ERRN=67: file not found
T=READTYPE
Return the file type of the currently opened image
(the file image must be opened by a preceding call to OPEN IMAGE)
34 = PROG
N$=READNAME$
Return the file name of the currently opened image
(the file image must be opened by a preceding call to OPEN IMAGE)
R$=READ RECORD IMAGE$
Read the next record of the currently opened file.
The record has a length of 256 bytes.
Reading can be continued by another READ RECORD IMAGE$ until ERRN=71
indicates a read behind the end of the file.
See lines 440 ff in IMAGE program for a typical reading loop.
(the file image must be opened by a preceding call to OPEN IMAGE)
ERRN=71: end of file reached.
CREATE IMAGE S$,I,J,K
3 numeric parameters
WRITE IMAGE R$
Write record to (where?) "Error 244: No file open"
WRITE CATALOG C$
Writes the catalogue back to disk.
C$ must contain a valid catalog structure, otherwise your tape will be
unreadable afterwards.
READLOGLEN
Read the logical record length, which is 256.

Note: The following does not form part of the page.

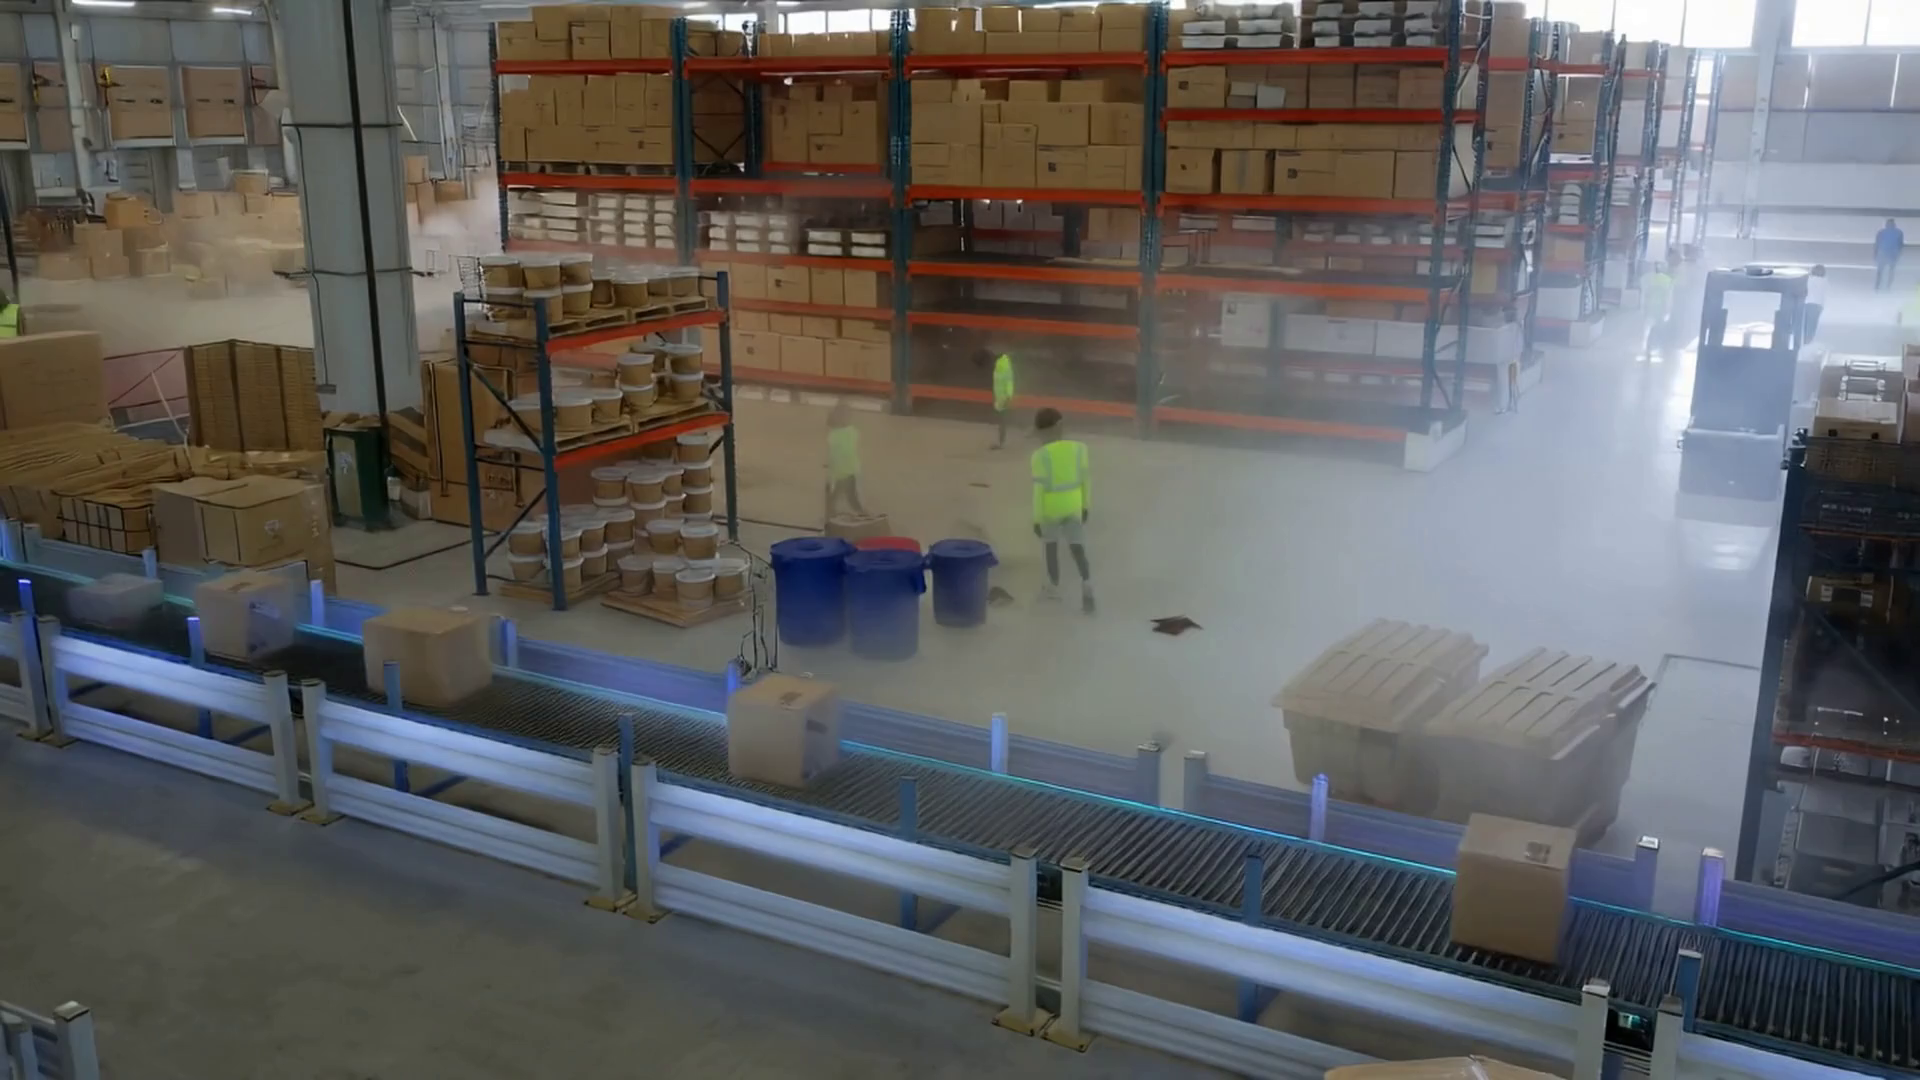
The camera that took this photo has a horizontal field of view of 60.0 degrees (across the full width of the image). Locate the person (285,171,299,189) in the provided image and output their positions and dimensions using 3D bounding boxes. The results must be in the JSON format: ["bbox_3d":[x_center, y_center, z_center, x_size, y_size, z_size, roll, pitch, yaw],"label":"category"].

Another useful function in the Program Development ROM
C$=CHECKSUM$(S$)
Return the IBM SDLC CRC checksum of the given string (the length of the
checksum is two bytes).
Example: dumping the tape catalog
Each catalog entry is 12 bytes
10 DIM C$[512]
20 C$=CATALOG$
30 K=1
40 FOR I=1 TO 504 STEP 12
50 FOR J=1 TO 12
60 PRINT C$[K,K];
70 K=K+1
80 NEXT J
90 PRINT
100 NEXT I
110 PRINT
120 END
Tape documentation lifted from Everett Kaser's Series-80 Emulator (I hope
Everett won't sue me for this blatant copyright infringement):
TAPE LAYOUT
-------------------------------------------------------
The HP-85 tape cartridges contained at most 43 files.
File 0 was always the TAPE DIRECTORY, and was always
4 records long. Files 1-42 were the user-created files.
The tape itself had 2 TRACKS, 0 and 1.
There were TWO COPIES of the TAPE DIRECTORY, one in
records 0 and 1 of file 0, and a second in records 2 and 3
of file 0. Record 2 was an exact duplicate of record 0,
and record 3 was an exact duplicate of record 1. Only
one record of the directory could be read into memory at
a time, so the system had to keep track of whether the
first 1/2 or the second 1/2 of the directory was in memory
(or neither).
Each DIRECTORY RECORD consisted of 21 12-byte directory
entries, which equals 252 bytes. The final 4 bytes of
each record as follows:
252 directory segment flag (0 or 1).
253 FILE# of file that wraps from the end of TRACK 0 to
the beginning of TRACK 1.
254 (2 bytes) RECORD# of first record of the split file
255 that's on TRACK 1.
Each DIRECTORY ENTRY consists of 12 bytes, allocated thusly:
BYTES DESCRIPTION
----- ---------------------------------------------
0-5 ASCII FILE NAME, blank filled
6 EXTENDED File Type
7 FILE TYPE
8-9 # RECORDS in the file
10-11 # BYTES in each record
The FILE TYPE is thus:
BIT DESCRIPTION
--- -----------------------------------------------
0 No directory name listed
1 Soft write protect
2 Extended file type (****)
3 Binary Program (BPGM)
4 Data file (DATA)
5 BASIC Program (PRGM)
6 Empty file (NULL)
7 Next available file
The most significant bit of the EXTENDED FILE TYPE byte will
signify extended file type as well as BIT 2 of FILE TYPE, but
it shouldn't be used, as a bug in the system doesn't clear that
bit if you purge the file. The lower seven bits allow the
differentiation between various extended file types (****).